*PROBLEM*
Scan the listing below for "each", then report every line that has it.

+++++

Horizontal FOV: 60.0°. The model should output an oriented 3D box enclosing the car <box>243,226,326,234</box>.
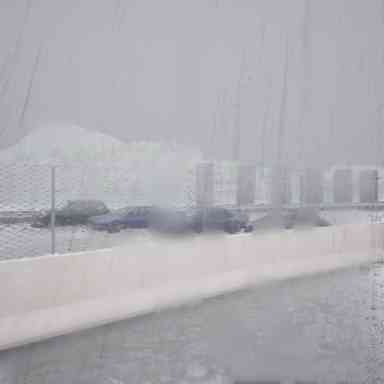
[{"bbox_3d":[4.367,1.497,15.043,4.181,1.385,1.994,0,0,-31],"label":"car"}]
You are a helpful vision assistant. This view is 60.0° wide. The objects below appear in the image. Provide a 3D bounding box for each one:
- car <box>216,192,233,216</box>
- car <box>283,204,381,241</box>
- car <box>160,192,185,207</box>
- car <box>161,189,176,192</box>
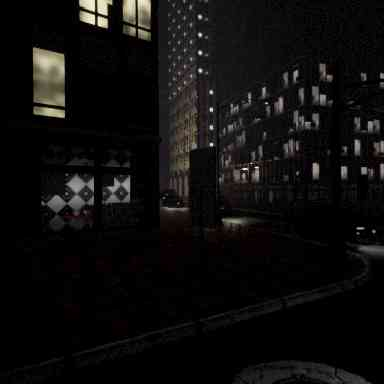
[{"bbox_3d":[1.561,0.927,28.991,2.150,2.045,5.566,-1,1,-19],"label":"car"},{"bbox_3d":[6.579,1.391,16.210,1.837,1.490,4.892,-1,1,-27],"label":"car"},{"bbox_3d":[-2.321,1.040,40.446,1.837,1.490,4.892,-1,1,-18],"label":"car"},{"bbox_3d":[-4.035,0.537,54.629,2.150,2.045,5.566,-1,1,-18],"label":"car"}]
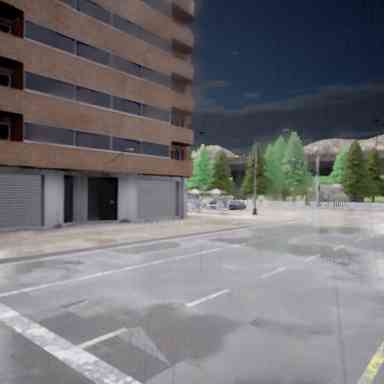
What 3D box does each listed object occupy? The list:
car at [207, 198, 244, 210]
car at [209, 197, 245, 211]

+++++

*COMPLETED TASK*
You are a helpful vision assistant. This view is 60.0° wide. The objects below appear in the image. Provide a 3D bounding box for each one:
What 3D box does each listed object occupy? The list:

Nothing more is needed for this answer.